Description.-It has been shown in the previous sections that research undertakes to describe physiological and behavioral changes over the life-span has been a major thrust in gerontology for the past 25 years. Accurate description of changes over the life-span has not been an easy task, and developmentalists have identified numerous sources of bias in life-span descriptive research and have suggested that a large number of controls are required to ensure the collection of accurate life-span data (e.g., Baltes, 1968; Birren, 1959; Nesselroade & Reese, 1973; Schaie, 1965; Wohwill, 1970). Since it is so troublesome to gather unbiased data describing ontogeny, one must assume that the usefulness of such information has justified the effort. Life-span descriptive psychophysiological data are useful as a first step toward the explanation, prediction, and prevention of behavioral changes in old age inasmuch as they can lead to the identification of variables influencing behavior in old age.

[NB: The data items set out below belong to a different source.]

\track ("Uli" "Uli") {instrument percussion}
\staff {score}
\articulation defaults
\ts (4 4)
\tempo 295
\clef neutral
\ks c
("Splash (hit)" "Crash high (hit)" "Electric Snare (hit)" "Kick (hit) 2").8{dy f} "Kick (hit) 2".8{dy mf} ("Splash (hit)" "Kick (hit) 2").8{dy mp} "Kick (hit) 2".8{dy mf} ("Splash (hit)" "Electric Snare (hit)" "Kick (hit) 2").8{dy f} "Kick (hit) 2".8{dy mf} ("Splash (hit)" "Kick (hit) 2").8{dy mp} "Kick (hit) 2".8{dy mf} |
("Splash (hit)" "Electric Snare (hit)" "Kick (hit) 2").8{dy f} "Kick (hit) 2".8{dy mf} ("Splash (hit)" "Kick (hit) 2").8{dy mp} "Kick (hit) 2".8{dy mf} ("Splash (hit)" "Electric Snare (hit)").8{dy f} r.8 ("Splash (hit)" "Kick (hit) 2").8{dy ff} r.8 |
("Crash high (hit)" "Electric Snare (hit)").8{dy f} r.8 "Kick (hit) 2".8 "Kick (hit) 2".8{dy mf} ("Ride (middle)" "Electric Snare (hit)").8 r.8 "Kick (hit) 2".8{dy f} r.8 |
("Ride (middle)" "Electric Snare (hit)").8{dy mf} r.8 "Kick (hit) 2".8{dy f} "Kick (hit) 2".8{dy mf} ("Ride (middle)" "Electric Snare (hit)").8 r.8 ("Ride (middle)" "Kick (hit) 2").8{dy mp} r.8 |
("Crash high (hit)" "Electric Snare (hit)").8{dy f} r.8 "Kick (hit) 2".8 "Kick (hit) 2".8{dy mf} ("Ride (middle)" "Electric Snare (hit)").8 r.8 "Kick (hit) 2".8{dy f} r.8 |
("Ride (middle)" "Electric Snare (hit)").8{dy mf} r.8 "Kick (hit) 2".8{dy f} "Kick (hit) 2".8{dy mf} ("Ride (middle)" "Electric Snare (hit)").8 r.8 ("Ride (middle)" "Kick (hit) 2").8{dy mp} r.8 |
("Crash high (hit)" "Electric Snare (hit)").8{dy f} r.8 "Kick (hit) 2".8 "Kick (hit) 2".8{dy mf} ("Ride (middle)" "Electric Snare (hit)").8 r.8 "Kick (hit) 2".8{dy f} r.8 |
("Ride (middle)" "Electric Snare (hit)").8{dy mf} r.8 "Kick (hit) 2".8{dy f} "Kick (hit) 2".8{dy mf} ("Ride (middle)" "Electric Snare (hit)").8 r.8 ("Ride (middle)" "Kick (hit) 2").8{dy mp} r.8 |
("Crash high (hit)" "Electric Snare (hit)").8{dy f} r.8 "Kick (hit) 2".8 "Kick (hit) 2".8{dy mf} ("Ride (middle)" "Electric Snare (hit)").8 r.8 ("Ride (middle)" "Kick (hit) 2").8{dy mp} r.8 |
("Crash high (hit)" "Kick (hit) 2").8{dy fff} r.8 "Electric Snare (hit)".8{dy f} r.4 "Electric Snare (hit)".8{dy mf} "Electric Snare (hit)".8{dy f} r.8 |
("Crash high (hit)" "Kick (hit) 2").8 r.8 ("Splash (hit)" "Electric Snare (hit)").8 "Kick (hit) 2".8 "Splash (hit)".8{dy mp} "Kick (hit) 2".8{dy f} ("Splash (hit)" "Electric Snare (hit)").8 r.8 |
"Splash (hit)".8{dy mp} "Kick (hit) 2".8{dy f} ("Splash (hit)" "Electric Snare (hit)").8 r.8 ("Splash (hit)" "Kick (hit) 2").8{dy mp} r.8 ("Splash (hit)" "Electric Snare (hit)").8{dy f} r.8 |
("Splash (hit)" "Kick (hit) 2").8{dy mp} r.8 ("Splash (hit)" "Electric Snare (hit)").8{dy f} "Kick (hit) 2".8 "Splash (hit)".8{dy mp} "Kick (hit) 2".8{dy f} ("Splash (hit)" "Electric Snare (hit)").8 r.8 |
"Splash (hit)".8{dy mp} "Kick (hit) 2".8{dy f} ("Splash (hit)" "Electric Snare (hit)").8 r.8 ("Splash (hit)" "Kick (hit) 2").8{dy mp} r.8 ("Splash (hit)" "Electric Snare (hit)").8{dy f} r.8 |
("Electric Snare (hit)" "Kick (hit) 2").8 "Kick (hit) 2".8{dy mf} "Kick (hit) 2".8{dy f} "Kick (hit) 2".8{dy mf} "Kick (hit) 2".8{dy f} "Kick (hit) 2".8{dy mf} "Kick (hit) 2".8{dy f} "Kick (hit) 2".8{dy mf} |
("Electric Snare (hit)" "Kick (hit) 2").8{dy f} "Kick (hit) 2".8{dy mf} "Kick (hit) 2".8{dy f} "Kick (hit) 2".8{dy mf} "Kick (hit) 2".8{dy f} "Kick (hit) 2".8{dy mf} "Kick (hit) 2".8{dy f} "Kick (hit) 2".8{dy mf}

The work of Surwillo (for summary, see Surwillo, 1968), provides an example of the usefulness of the life-span descriptive approach in the psychophysiological study of aging. The descriptive literature on the life-span contained ample evidence that reaction time and the frequency of the EEG alpha rhythm followed similar developmental patterns. Surwillo (1963) attempted to determine if these variables were related, and by simultaneously measuring reaction time and EEG alpha frequency he found a high correlation between the two variables. These results led Surwillo to hypothesize that the slowing of the dominant EEG frequency might be responsible for the slowing of reaction time with age.

The description of physiology-behavior relationships is a useful first step in the generation of hypotheses about behavior in old age, but all too often the life-span descriptive approach has represented the end product of developmental research. Great bodies of descriptive data have been collected, but few attempts have been made to weave such data into theories of behavioral aging or to test hypotheses experimentally which might be generated from descriptive research. Indeed, Surwillo (1963) is one of the few investigators who have used the life-span data to devise a specifically stated hypothesis about the physiological causes of behavior change with age. The life-span descriptive approach succeeds when it is used for its hypothesis generating value, but it fails when it is seen as an end in itself.

Explanation.-In some but not all instances the life-span approach provides useful information for the explanation of behavior in aging. It has been suggested previously that the rate of change in a given physiological variable affects the degree to which behavior is involved, with changes taking place over a short period of time causing greater behaviorial involvement than changes which are spread over the life-span. Concurrent information on physiology-behavior relationships in the aged provides no insight on how the variables reached the current level of functioning. For this reason life-span data are essential in explaining and predicting behavior in old age.